=== EXCERPTED RECORDS ===
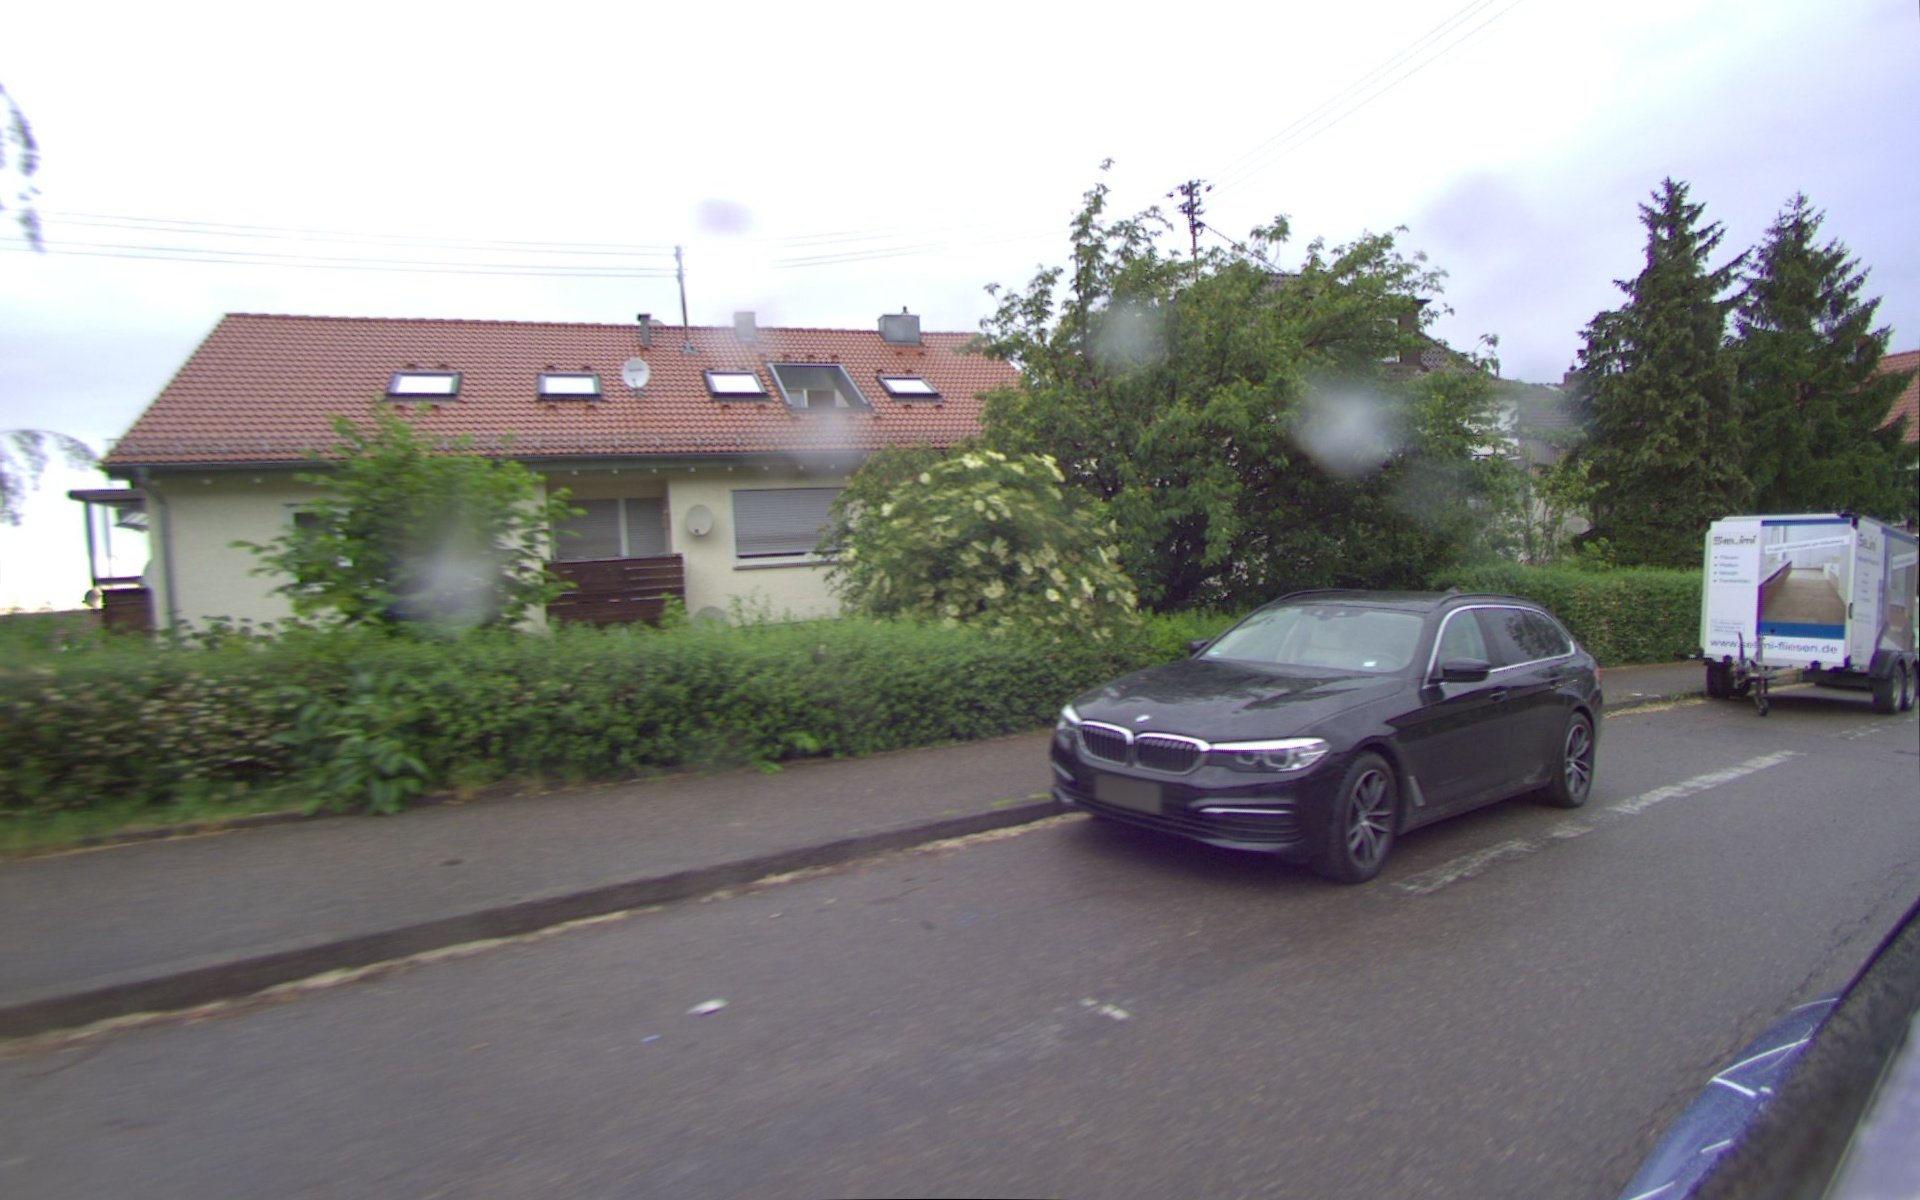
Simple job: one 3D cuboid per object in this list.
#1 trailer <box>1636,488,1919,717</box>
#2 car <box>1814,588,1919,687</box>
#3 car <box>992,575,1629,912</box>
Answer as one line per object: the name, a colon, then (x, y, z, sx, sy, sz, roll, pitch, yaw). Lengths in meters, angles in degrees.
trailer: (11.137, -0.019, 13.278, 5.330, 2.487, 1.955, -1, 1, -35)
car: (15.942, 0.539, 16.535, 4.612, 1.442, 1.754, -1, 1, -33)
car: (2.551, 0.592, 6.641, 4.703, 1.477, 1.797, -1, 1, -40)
===
WHAT TO DO
Return every entry above exactly as written, with no pictures included.

RESPONSE FOR THIS EXERCISE
Simple job: one 3D cuboid per object in this list.
#1 trailer <box>1636,488,1919,717</box>
#2 car <box>1814,588,1919,687</box>
#3 car <box>992,575,1629,912</box>
Answer as one line per object: the name, a colon, then (x, y, z, sx, sy, sz, roll, pitch, yaw). Lengths in meters, angles in degrees.
trailer: (11.137, -0.019, 13.278, 5.330, 2.487, 1.955, -1, 1, -35)
car: (15.942, 0.539, 16.535, 4.612, 1.442, 1.754, -1, 1, -33)
car: (2.551, 0.592, 6.641, 4.703, 1.477, 1.797, -1, 1, -40)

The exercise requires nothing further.